As a result of ending the peg, the Swiss Franc has appreciated substantially, from 1.2 CHF per Euro to around 1 CHF per Euro, even though the central bank has lowered the interest rate on sight deposit account balances that exceed a threshold to −0.75%. There seem to be two alternative interpretations.

The first is that the central bank simply made a serious mistake. For some, the mistake was to impose the cap in the first place. If you do not take that view, and assuming the market’s immediate move is not a very temporary overreaction, the large appreciation partly undoes the benefits of the original peg. Either way, a major mistake has been made at some point. This can be added to what is now a seriously long list of recent major central bank mistakes: see in particular Sweden and the Eurozone. Does the fact that central banks in the UK and US seem rather less error prone have something to do with the greater influence of economists (inside and outside) on those banks? [5]

The second interpretation is that the open ended money creation that the policy implied just became too much for the central bank. In theory the central bank could go on creating money and buying Euros forever. As long as the exchange rate peg was reasonable this policy could be consistent with its inflation target (the target is ‘below 2%’, while actual inflation is currently negative). If it ever decided it was not and there was too much Swiss money around, the policy could be reversed by selling Euros. The central bank might make a loss when this was done, but economists generally dismiss this as a non-problem (a central bank is not like a commercial bank), just as they dismiss the same problem with conventional QE. But perhaps central banks do not see things this way (HT MT), because they worry about the political consequences of such losses. If this is the case, then this is something that economists need to respond to in one way or another.  

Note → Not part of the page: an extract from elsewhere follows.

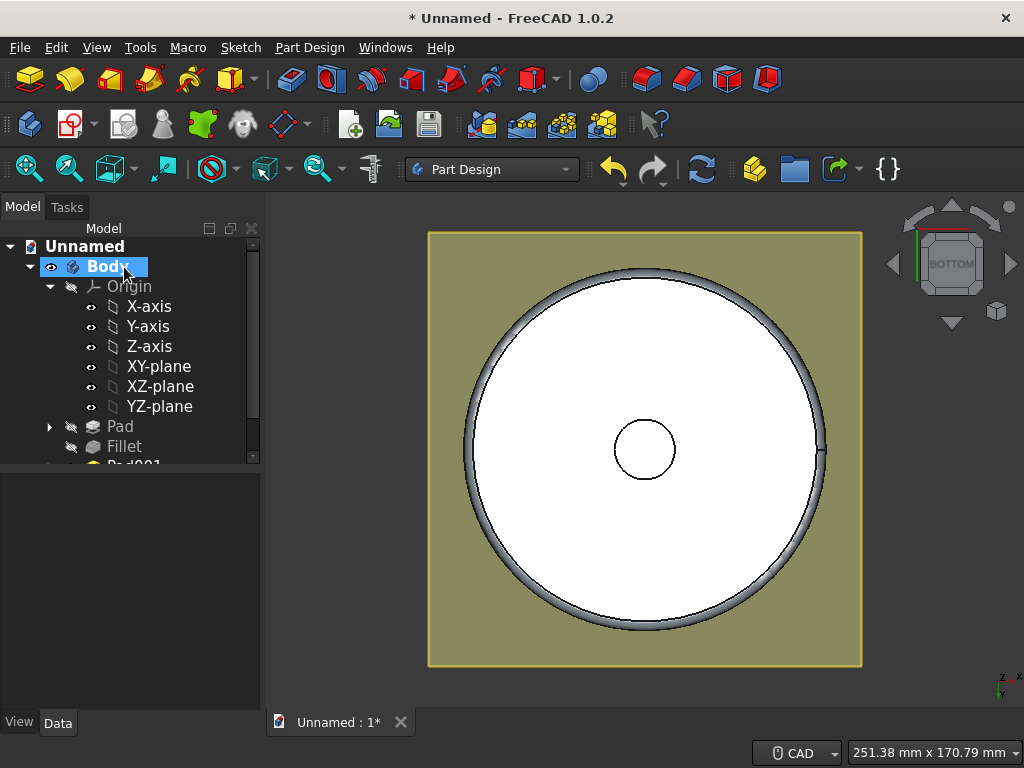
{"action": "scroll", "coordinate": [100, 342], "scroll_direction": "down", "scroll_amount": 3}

[1] The discussion in the media, as often with mediamacro, is obsessed with the markets. The Guardian had a link entitled “Swiss franc - what the economists say”. What you got were 6 City economists, who wrote the kind of thing City economists write. Now I’m sure the Guardian will say they needed something fast, and academics - even academic bloggers - are unreliable in that respect. But please label this properly: you are getting the reactions of City economists, whose primary concern is what this all means for the markets, and not what it means for ordinary people.

[2] Economists have a theory, Uncovered Interest Parity (UIP), which says that short term capital flows like this should not influence exchange rates, because the market will keep rates close to fundamentals. It does not work too well, partly I suspect because the market has little idea what the fundamentals are, and partly because no one in the market is prepared to take bets that last years rather than days.

[3] Switzerland has a really large current account surplus, which since 1997 has averaged 10% of GDP. The reason for this surplus is complex, but it suggests that there is scope for a gradual real exchange rate appreciation over time.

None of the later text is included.